• TRY IT: Return the full set of entries precisely. Do not carry over any pictures.

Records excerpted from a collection
###

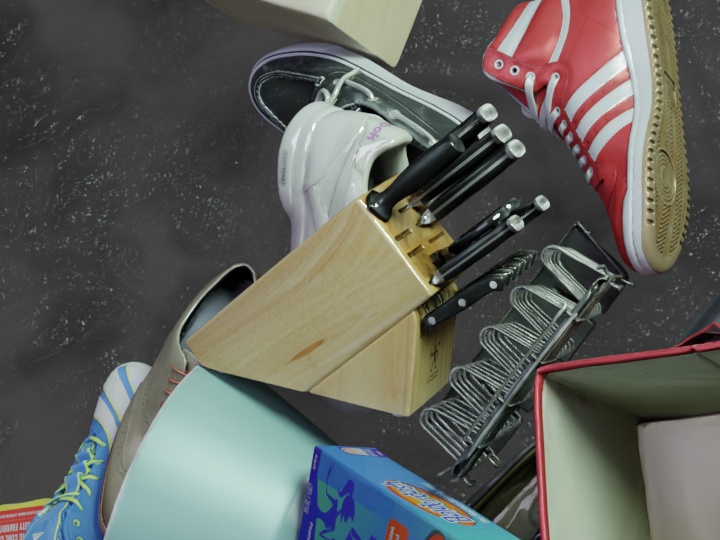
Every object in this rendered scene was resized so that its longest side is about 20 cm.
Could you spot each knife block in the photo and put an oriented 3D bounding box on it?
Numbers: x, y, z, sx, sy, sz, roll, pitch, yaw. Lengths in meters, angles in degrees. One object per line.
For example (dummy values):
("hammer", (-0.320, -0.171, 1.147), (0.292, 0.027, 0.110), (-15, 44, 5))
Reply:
("knife block", (0.003, -0.015, 0.957), (0.199, 0.064, 0.177), (12, 109, 23))

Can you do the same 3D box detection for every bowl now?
("bowl", (-0.070, 0.161, 1.018), (0.104, 0.201, 0.202), (17, 86, 14))

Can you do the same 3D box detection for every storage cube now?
("storage cube", (0.204, 0.137, 0.842), (0.170, 0.180, 0.201), (-11, 71, 29))

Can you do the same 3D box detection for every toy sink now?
("toy sink", (-0.053, -0.235, 1.146), (0.199, 0.112, 0.131), (20, 88, 29))

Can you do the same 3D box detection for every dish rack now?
("dish rack", (0.090, 0.046, 0.934), (0.054, 0.200, 0.154), (36, 97, 10))

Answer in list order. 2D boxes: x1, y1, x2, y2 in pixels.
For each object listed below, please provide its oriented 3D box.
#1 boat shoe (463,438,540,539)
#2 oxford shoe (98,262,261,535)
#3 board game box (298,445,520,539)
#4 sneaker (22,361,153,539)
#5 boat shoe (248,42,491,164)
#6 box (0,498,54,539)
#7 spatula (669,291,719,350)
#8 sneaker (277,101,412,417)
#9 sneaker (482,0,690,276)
("boat shoe", (0.068, 0.167, 0.959), (0.200, 0.065, 0.072), (-45, 42, -6))
("oxford shoe", (-0.118, 0.082, 1.086), (0.070, 0.074, 0.201), (20, 70, 6))
("board game box", (0.023, 0.191, 0.871), (0.200, 0.045, 0.153), (21, 102, 61))
("sneaker", (-0.171, 0.154, 1.115), (0.075, 0.105, 0.201), (-11, 72, 29))
("boat shoe", (-0.008, -0.093, 1.094), (0.199, 0.068, 0.074), (30, 123, 30))
("box", (-0.218, 0.261, 1.148), (0.075, 0.050, 0.201), (-10, 71, 30))
("spatula", (0.223, 0.001, 0.961), (0.056, 0.021, 0.200), (41, 100, 35))
("sneaker", (0.000, 0.000, 1.030), (0.099, 0.075, 0.201), (10, 114, 38))
("sneaker", (0.133, -0.084, 1.011), (0.112, 0.071, 0.201), (-11, 64, 25))

###

• RESPONSE TO THIS TASK:
Every object in this rendered scene was resized so that its longest side is about 20 cm.
Could you spot each knife block in the photo and put an oriented 3D bounding box on it?
Numbers: x, y, z, sx, sy, sz, roll, pitch, yaw. Lengths in meters, angles in degrees. One object per line.
For example (dummy values):
("hammer", (-0.320, -0.171, 1.147), (0.292, 0.027, 0.110), (-15, 44, 5))
Reply:
("knife block", (0.003, -0.015, 0.957), (0.199, 0.064, 0.177), (12, 109, 23))

Can you do the same 3D box detection for every bowl now?
("bowl", (-0.070, 0.161, 1.018), (0.104, 0.201, 0.202), (17, 86, 14))

Can you do the same 3D box detection for every storage cube now?
("storage cube", (0.204, 0.137, 0.842), (0.170, 0.180, 0.201), (-11, 71, 29))

Can you do the same 3D box detection for every toy sink now?
("toy sink", (-0.053, -0.235, 1.146), (0.199, 0.112, 0.131), (20, 88, 29))

Can you do the same 3D box detection for every dish rack now?
("dish rack", (0.090, 0.046, 0.934), (0.054, 0.200, 0.154), (36, 97, 10))

Answer in list order. 2D boxes: x1, y1, x2, y2 in pixels.
For each object listed below, please provide its oriented 3D box.
#1 boat shoe (463,438,540,539)
#2 oxford shoe (98,262,261,535)
#3 board game box (298,445,520,539)
#4 sneaker (22,361,153,539)
#5 boat shoe (248,42,491,164)
#6 box (0,498,54,539)
#7 spatula (669,291,719,350)
#8 sneaker (277,101,412,417)
#9 sneaker (482,0,690,276)
("boat shoe", (0.068, 0.167, 0.959), (0.200, 0.065, 0.072), (-45, 42, -6))
("oxford shoe", (-0.118, 0.082, 1.086), (0.070, 0.074, 0.201), (20, 70, 6))
("board game box", (0.023, 0.191, 0.871), (0.200, 0.045, 0.153), (21, 102, 61))
("sneaker", (-0.171, 0.154, 1.115), (0.075, 0.105, 0.201), (-11, 72, 29))
("boat shoe", (-0.008, -0.093, 1.094), (0.199, 0.068, 0.074), (30, 123, 30))
("box", (-0.218, 0.261, 1.148), (0.075, 0.050, 0.201), (-10, 71, 30))
("spatula", (0.223, 0.001, 0.961), (0.056, 0.021, 0.200), (41, 100, 35))
("sneaker", (0.000, 0.000, 1.030), (0.099, 0.075, 0.201), (10, 114, 38))
("sneaker", (0.133, -0.084, 1.011), (0.112, 0.071, 0.201), (-11, 64, 25))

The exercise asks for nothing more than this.